WHAT YOU WILL DO:
State how many lines in this listing include the word "response", and nothing else.

PROVIDED INFORMATION:
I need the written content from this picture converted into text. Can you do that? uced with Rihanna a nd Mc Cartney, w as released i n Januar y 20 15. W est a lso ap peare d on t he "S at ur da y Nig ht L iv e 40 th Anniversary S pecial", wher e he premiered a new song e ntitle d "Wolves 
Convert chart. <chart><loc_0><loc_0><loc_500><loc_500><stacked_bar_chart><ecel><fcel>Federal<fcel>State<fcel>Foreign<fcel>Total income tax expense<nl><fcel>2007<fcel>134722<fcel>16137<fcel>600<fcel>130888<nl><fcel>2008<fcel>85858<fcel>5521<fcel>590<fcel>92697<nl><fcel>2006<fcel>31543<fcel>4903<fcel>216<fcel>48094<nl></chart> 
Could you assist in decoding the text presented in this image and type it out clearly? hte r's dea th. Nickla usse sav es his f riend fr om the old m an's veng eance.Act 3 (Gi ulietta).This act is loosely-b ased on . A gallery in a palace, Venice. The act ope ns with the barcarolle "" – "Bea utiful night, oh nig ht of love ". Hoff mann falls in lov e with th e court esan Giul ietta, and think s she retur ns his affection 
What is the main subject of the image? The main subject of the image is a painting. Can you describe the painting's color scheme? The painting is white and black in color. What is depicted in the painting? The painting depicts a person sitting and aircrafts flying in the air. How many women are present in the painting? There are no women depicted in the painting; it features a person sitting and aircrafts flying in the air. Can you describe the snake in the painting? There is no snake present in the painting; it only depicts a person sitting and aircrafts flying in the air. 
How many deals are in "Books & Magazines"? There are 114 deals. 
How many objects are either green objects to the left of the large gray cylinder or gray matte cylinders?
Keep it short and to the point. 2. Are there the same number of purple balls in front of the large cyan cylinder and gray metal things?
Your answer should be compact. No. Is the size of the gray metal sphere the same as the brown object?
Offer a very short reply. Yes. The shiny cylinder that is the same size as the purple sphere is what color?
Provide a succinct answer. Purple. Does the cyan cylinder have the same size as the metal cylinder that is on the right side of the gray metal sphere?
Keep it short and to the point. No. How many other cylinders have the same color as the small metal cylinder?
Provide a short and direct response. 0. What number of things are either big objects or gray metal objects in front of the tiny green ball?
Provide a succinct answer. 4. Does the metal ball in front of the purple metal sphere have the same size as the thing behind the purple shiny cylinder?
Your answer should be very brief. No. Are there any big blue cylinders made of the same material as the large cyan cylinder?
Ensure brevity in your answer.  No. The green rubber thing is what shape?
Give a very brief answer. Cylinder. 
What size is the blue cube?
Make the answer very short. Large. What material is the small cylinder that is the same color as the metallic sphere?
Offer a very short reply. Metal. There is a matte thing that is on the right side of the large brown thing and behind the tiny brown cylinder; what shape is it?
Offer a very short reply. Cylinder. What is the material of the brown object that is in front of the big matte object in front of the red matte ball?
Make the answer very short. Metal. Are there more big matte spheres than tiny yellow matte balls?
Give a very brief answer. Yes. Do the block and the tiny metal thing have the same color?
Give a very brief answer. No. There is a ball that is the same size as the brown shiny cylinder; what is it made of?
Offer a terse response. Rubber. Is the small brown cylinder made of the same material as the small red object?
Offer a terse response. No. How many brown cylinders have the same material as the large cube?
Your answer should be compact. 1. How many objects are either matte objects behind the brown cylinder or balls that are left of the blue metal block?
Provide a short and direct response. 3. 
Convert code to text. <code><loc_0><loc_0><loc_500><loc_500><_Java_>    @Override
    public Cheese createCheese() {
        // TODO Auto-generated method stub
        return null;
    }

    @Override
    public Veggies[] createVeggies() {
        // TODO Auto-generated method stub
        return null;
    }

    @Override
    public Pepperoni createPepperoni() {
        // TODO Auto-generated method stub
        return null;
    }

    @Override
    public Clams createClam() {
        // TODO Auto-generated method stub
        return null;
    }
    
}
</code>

YOUR SOLUTION:
4